Excerpted data>
--*--

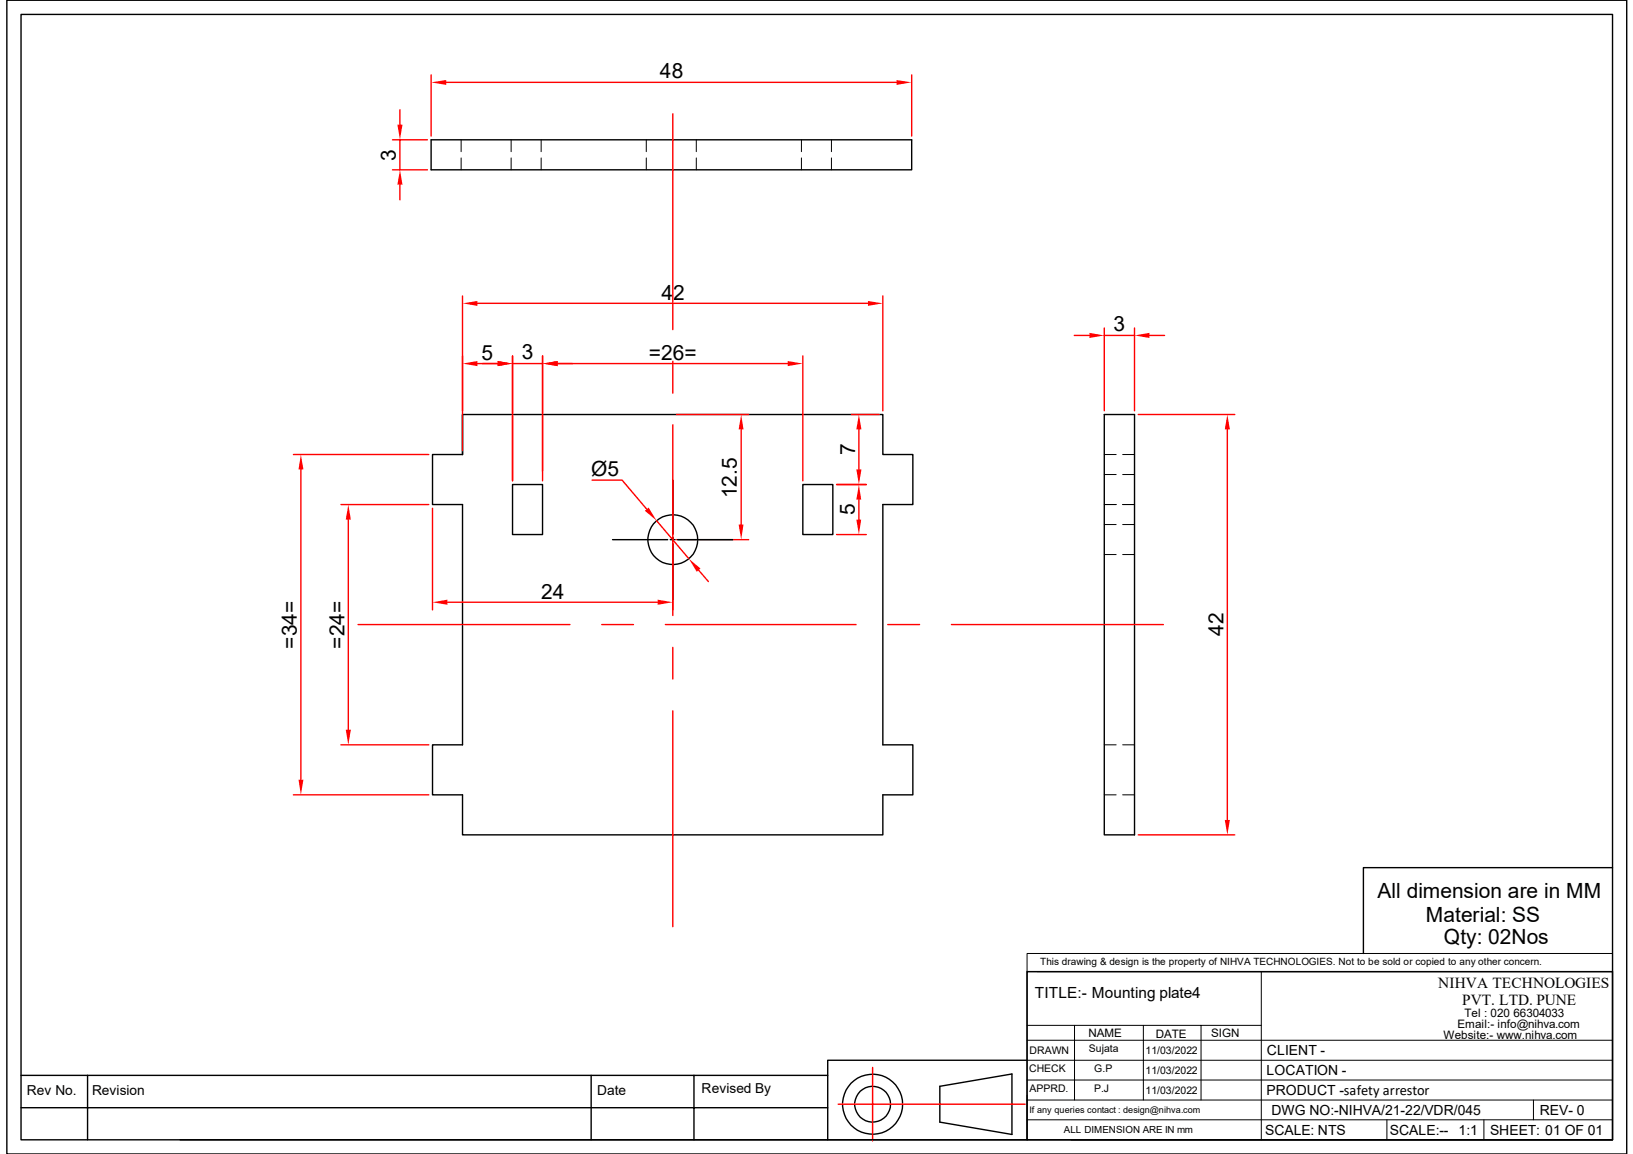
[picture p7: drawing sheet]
<svg xmlns="http://www.w3.org/2000/svg" width="297mm" height="210mm" viewBox="0 0 297 210" stroke-linecap="round" stroke-linejoin="round" font-family="sans-serif">
<defs><g id="words">
<g font-size="3.8">
<text x="120.1" y="14.3">48</text>
<text x="72" y="29.2" transform="rotate(-90 72 29.2)">3</text>
<text x="120.3" y="54.5">42</text>
<text x="87.6" y="65.4">5</text>
<text x="94.9" y="65.4">3</text>
<text x="118" y="65.4">=26=</text>
<text x="202.6" y="60.3">3</text>
<text x="155.6" y="82.8" transform="rotate(-90 155.6 82.8)">7</text>
<text x="107.5" y="86.6">Ø5</text>
<text x="134.1" y="90.6" transform="rotate(-90 134.1 90.6)">12.5</text>
<text x="155.5" y="93.8" transform="rotate(-90 155.5 93.8)">5</text>
<text x="98.4" y="108.9">24</text>
<text x="54" y="118" transform="rotate(-90 54 118)">=34=</text>
<text x="62.7" y="118" transform="rotate(-90 62.7 118)">=24=</text>
<text x="222.6" y="115.7" transform="rotate(-90 222.6 115.7)">42</text>
<text x="250.5" y="163.4">All dimension are in MM</text>
<text x="259.4" y="167.6">Material: SS</text>
<text x="262.6" y="171.7">Qty: 02Nos</text>
</g>
<g font-size="2.8">
<text x="261.6" y="179.6">NIHVA TECHNOLOGIES</text>
<text x="188.3" y="181.5">TITLE:- Mounting plate4</text>
<text x="266" y="182.8">PVT. LTD. PUNE</text>
</g>
<g font-size="2.5">
<text x="230.4" y="191.9">CLIENT -</text>
<text x="230.4" y="195.5">LOCATION -</text>
<text x="4.9" y="199.1">Rev No.</text>
<text x="16.7" y="199.1">Revision</text>
<text x="108.6" y="199.1">Date</text>
<text x="127.6" y="198.9">Revised By</text>
<text x="230.4" y="199.2">PRODUCT -safety arrestor</text>
<text x="231.3" y="202.8">DWG NO:-NIHVA/21-22/VDR/045</text>
<text x="280.1" y="202.8">REV- 0</text>
<text x="230.1" y="206.4">SCALE: NTS</text>
<text x="252.8" y="206.4">SCALE:--</text>
<text x="265.3" y="206.4">1:1</text>
<text x="271" y="206.4">SHEET: 01 OF 01</text>
</g>
<g font-size="2.1">
<text x="266.4" y="184.9">Tel : 020 66304033</text>
<text x="198" y="188.7">NAME</text>
<text x="210.2" y="188.8">DATE</text>
<text x="220.3" y="188.6">SIGN</text>
<text x="262.6" y="189">Website:- www.nihva.com</text>
<text x="265.1" y="187.1">Email:- info@nihva.com</text>
</g>
<g font-size="1.9">
<text x="187.3" y="191.8">DRAWN</text>
<text x="198.1" y="191.4">Sujata</text>
<text x="208.4" y="191.8">11/03/2022</text>
<text x="187.2" y="195">CHECK</text>
<text x="199.1" y="195">G.P</text>
<text x="208.4" y="195.4">11/03/2022</text>
<text x="187.3" y="198.6">APPRD.</text>
<text x="199" y="198.6">P.J</text>
<text x="208.4" y="199">11/03/2022</text>
</g>
<g font-size="1.8">
<text x="189.2" y="175.5">This drawing &amp; design is the property of NIHVA TECHNOLOGIES. Not to be sold or copied to any other concern.</text>
<text x="193.5" y="206.1">ALL DIMENSION ARE IN mm</text>
</g>
<text font-size="1.7" x="187.2" y="202.4">If any queries contact : design@nihva.com</text>
</g></defs>
<g fill="none" stroke="#000" stroke-width=".25">
<path d="M1.2 0h294.7v209.9h-294.7zM3.8 2.6h289.5v204.7h-289.5zM78.4 25.4h87.4v5.5h-87.4zM84.1 75.4h76.5v7.3h5.4v9.1h-5.4v43.7h5.4v9.1h-5.4v7.3h-76.5v-7.3h-5.4v-9.1h5.4v-43.7h-5.4v-9.1h5.4zM84.1 75.4v7.3M200.9 75.4h5.5v76.5h-5.5zM93.2 88.1h5.5v9.1h-5.5zM146 88.1h5.5v9.1h-5.5zM186.8 176.7h106.5v30.6h-106.5zM3.8 195.6h146.8M15.9 195.6v11.7M107.5 195.6v11.7"/>
<path d="M126.2 195.6v11.7M171 197.6l13.1-2.3v11l-13.1-2.2zM186.8 192.9h-36.2v14.4h-117.8M3.8 201.5h146.8M150.6 207.3h36.2M194.9 207.3h98.4"/>
<circle cx="122.4" cy="98.2" r="4.5"/>
<circle cx="158.7" cy="200.8" r="5.5"/>
<circle cx="158.7" cy="200.8" r="3.3"/>
</g>
<g fill="none" stroke="#000" stroke-width=".18">
<path d="M83.9 25.4v2.2M83.9 28.7v2.2M93 25.4v2.2M93 28.7v2.2M98.4 25.4v2.2M98.4 28.7v2.2M117.6 25.4v2.2M117.6 28.7v2.2M126.7 25.4v2.2M126.7 28.7v2.2M145.8 25.4v2.2M145.8 28.7v2.2"/>
<path d="M151.2 25.4v2.2M151.2 28.7v2.2M200.9 82.7h2.1M200.9 91.8h2.1M200.9 86.3h2.1M200.9 95.4h2.1M204.2 82.7h2.2M204.2 91.8h2.2M204.2 86.3h2.2M204.2 95.4h2.2M200.9 100.9h2.1M204.2 100.9h2.2"/>
<path d="M200.9 135.5h2.1M204.2 135.5h2.2M200.9 144.6h2.1M204.2 144.6h2.2M186.8 173.4h106.5v3.3h-106.5zM186.8 176.7v30.6M188.6 176.7h104.7M229.4 176.7v30.6M186.8 186.5h42.6M186.8 196.4h106.5M186.8 192.9h106.5M186.8 189.2h106.5"/>
<path d="M195.5 186.5v13.6M208 186.5v13.6M218.5 186.5v13.6M186.8 203.7h106.5M186.8 200.1h106.5M252.3 203.7v3.6M269.9 203.7v3.6M278.9 200.1v3.6"/>
</g>
<path d="M207 75.4h17.6M223.2 78.1v71M207 151.9h17.6M158.7 194.2v13.3M152.5 200.8h34" fill="none" stroke="#f00" stroke-width=".25"/>
<g fill="#f00">
<path d="M223.2 75.4l.5 2.7h-.9z"/>
<path d="M222.8 149.1h.9l-.5 2.8z"/>
</g>
<path d="M84.1 53.8v20.9M86.8 55.2h71.1M160.6 53.8v20.9" fill="none" stroke="#f00" stroke-width=".25"/>
<g fill="#f00">
<path d="M84.1 55.2l2.7-.5v.9z"/>
<path d="M157.9 54.7l2.7 .5-2.7 .4z"/>
</g>
<path d="M78.4 13.6v11.2M81.2 15h81.9M165.8 13.6v11.2" fill="none" stroke="#f00" stroke-width=".25"/>
<g fill="#f00">
<path d="M78.4 15l2.8-.4v.8z"/>
<path d="M163.1 14.6l2.7 .4-2.7 .4z"/>
</g>
<path d="M72.8 20v2.7M71.4 25.4h6.3M71.4 30.9h6.3M72.8 25.4v5.5M72.8 33.6v2.7" fill="none" stroke="#f00" stroke-width=".25"/>
<g fill="#f00">
<path d="M72.3 22.7h.9l-.4 2.7z"/>
<path d="M72.8 30.9l.4 2.7h-.9z"/>
</g>
<path d="M53.4 82.7h24.6M54.7 85.4v56.4M53.4 144.6h24.6" fill="none" stroke="#f00" stroke-width=".25"/>
<g fill="#f00">
<path d="M54.7 82.7l.5 2.7h-.9z"/>
<path d="M54.3 141.8h.9l-.5 2.8z"/>
</g>
<path d="M62 91.8h16M63.4 94.5v38.2M62 135.5h16" fill="none" stroke="#f00" stroke-width=".25"/>
<g fill="#f00">
<path d="M63.4 91.8l.4 2.7h-.9z"/>
<path d="M62.9 132.7h.9l-.4 2.8z"/>
</g>
<path d="M98.7 64.7v22.8M101.4 66.1h41.9M146 64.7v22.8M65.1 113.6h38.6M109.5 113.6h5.7M121 113.6h34.7M161.5 113.6h5.8M173.1 113.6h38.5" fill="none" stroke="#f00" stroke-width=".25"/>
<g fill="#f00">
<path d="M98.7 66.1l2.7-.4v.9z"/>
<path d="M143.3 65.7l2.7 .4-2.7 .5z"/>
</g>
<path d="M87.8 66.1h2.7M93.2 64.7v22.8M93.2 66.1h5.5M98.7 64.7v20.9M101.4 66.1h2.7" fill="none" stroke="#f00" stroke-width=".25"/>
<g fill="#f00">
<path d="M90.5 65.7l2.7 .4-2.7 .5z"/>
<path d="M98.7 66.1l2.7-.4v.9z"/>
</g>
<path d="M154.9 75.4h5M156.2 78.1v7.3M152.2 88.1h5.4" fill="none" stroke="#f00" stroke-width=".25"/>
<g fill="#f00">
<path d="M155.8 85.4h.9l-.5 2.7z"/>
<path d="M156.2 75.4l.5 2.7h-.9z"/>
</g>
<path d="M152.2 88.1h5.4M152.2 97.2h5.4M156.2 90.9v3.6" fill="none" stroke="#f00" stroke-width=".25"/>
<g fill="#f00">
<path d="M156.2 88.1l.5 2.8h-.9z"/>
<path d="M155.8 94.5h.9l-.5 2.7z"/>
</g>
<path d="M78.7 92.4v18.5M122.4 98.8v12.1M81.4 109.5h38.2" fill="none" stroke="#f00" stroke-width=".25"/>
<g fill="#f00">
<path d="M78.7 109.5l2.7-.4v.9z"/>
<path d="M119.6 109.1l2.8 .4-2.8 .5z"/>
</g>
<path d="M123.1 75.4h13.1M134.8 78.1v17.3M123.1 98.2h13.1" fill="none" stroke="#f00" stroke-width=".25"/>
<g fill="#f00">
<path d="M134.4 95.4h.8l-.4 2.8z"/>
<path d="M134.8 75.4l.4 2.7h-.8z"/>
</g>
<path d="M111.4 98.2h10M121.9 98.2h.9M122.4 87.2v10M122.4 97.7v.9M122.4 99v10.1M123.3 98.2h10" fill="none" stroke="#000" stroke-width=".25"/>
<path d="M107.7 87.3h5.5l4.4 5.3M119.4 94.7l5.9 6.9M127.1 103.7l1.8 2.1" fill="none" stroke="#f00" stroke-width=".25"/>
<g fill="#f00">
<path d="M125.3 101.6l2.1 1.8-.7 .6z"/>
<path d="M117.3 92.9l.7-.6 1.4 2.4z"/>
</g>
<path d="M122.4 20.7v39.3M200.9 59.7v15M206.4 59.7v15M122.4 65.7v5.8M122.4 77.3v34.7M195.4 61h2.8M200.9 61h5.5M209.1 61h2.7M122.4 117.8v5.7M122.4 129.3v39.3" fill="none" stroke="#f00" stroke-width=".25"/>
<g fill="#f00">
<path d="M198.2 60.5l2.7 .5-2.7 .5z"/>
<path d="M206.4 61l2.7-.5v1z"/>
</g>
<path d="M293.3 157.8h-45.3v15.6" fill="none" stroke="#000" stroke-width=".25"/>
<path d="M84.1 64.7v17.3M86.8 66.1h3.7M93.2 64.7v22.8" fill="none" stroke="#f00" stroke-width=".25"/>
<g fill="#f00">
<path d="M84.1 66.1l2.7-.4v.9z"/>
<path d="M90.5 65.7l2.7 .4-2.7 .5z"/>
</g>
<use href="#words"/>
</svg>

--*--

Assignment> Return every line of the material in which the word "SCALE" is found.

Result>
<text x="230.1" y="206.4">SCALE: NTS</text>
<text x="252.8" y="206.4">SCALE:--</text>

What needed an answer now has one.